In 1966, Joan Ganz Cooney's goal was was to use television as a way to fill the education gap for underserved preschoolers, particularly after she noticed children were memorizing and regurgitating slogans from TV commercials. She was also initially told that the show wouldn't be taken seriously with a woman at the head of the project, in advance of becoming one of the most powerful women in television.

Many associate Jim Henson with Sesame Street, the puppeteer who launched the Muppets, but Street Gang: How We Got to Sesame Street spends a lot of time telling the story of Jon Stone, the show's principal writer and director until 1996.

Street Gang: How We Got to Sesame Street
Street Gang: How We Got to Sesame Street

Actor Holly Robinson Peete's father, Matt Robinson, was the original Gordon on the show, revealing in an interview in the documentary that she would occasionally get jealous seeing her father spending time with other little girls her age on the show.

Robinson ended up creating a Black muppet calls Roosevelt Franklin.
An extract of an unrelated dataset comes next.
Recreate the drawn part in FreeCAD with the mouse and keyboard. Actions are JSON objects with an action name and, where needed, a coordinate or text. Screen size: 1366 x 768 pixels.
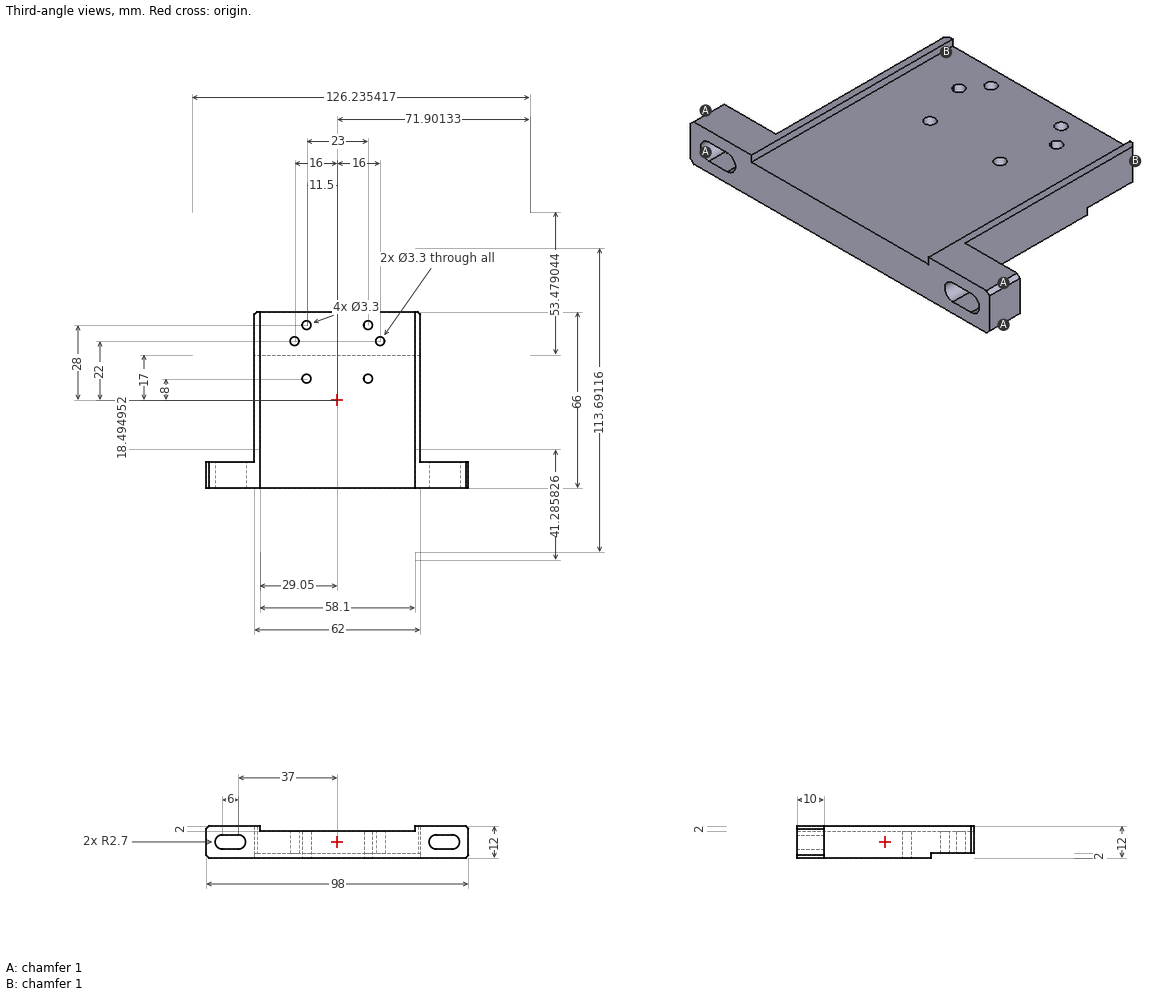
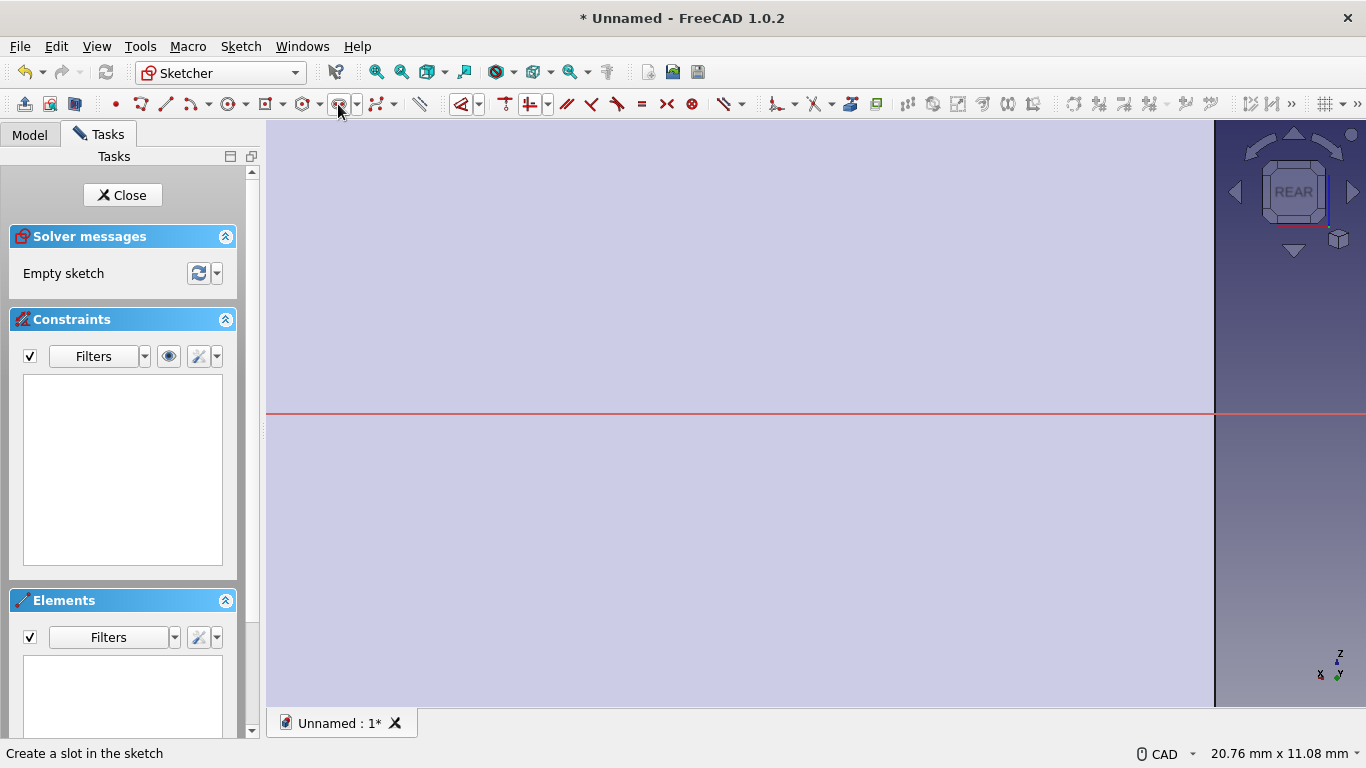
{"action": "left_click", "coordinate": [579, 413]}

In the documentary, his wife Dolores Robinson explains that he wanted to create the character because he was tired of pretending that everyone is blended together, in the sense that he wanted children of colour to be recognized as children of colour.

But Robinson Peete explains in the film that a lot of Black parents didn't like the character, leading to Robinson leaving the show and Roosevelt Franklin disappearing forever.

The film also follows the time when Sesame Street was actually banned by the Mississippi Authority for Educational Television because of its diverse case.

"If that's our worst sin I'm happy to be a sinner," Cooney says in the documentary.

While those are only some of the aspect of Sesame Street explored in the film, one thing that is very clear is that the creators, writers and really everyone who worked on the show believed in its message and threw their lives into its development. Particularly Stone, who felt a sense of responsibility for Sesame Street to maintain a high standard, while rarely getting credit for much of his work.

"Yes, we all grew up with Sesame Street but these are adults who had a mission, who sacrificed a lot of things and they stayed away from home for days on end to do this, they didn't see their kids, they took chances with their careers," Agrelo said.

It's the complex history that really makes this documentary engaging, while also taking you on a walk down memory lane.

"I love films that are about one thing on the surface but underneath, it's really about something much more complex," Agrelo said. "I feel that this story, and Sesame Street in particular, is very much that, it's a message to our society, it's a message to the kids and it's an intergenerational message."

"That really attracts me and I think that's the thing that keeps Sesame Street so present."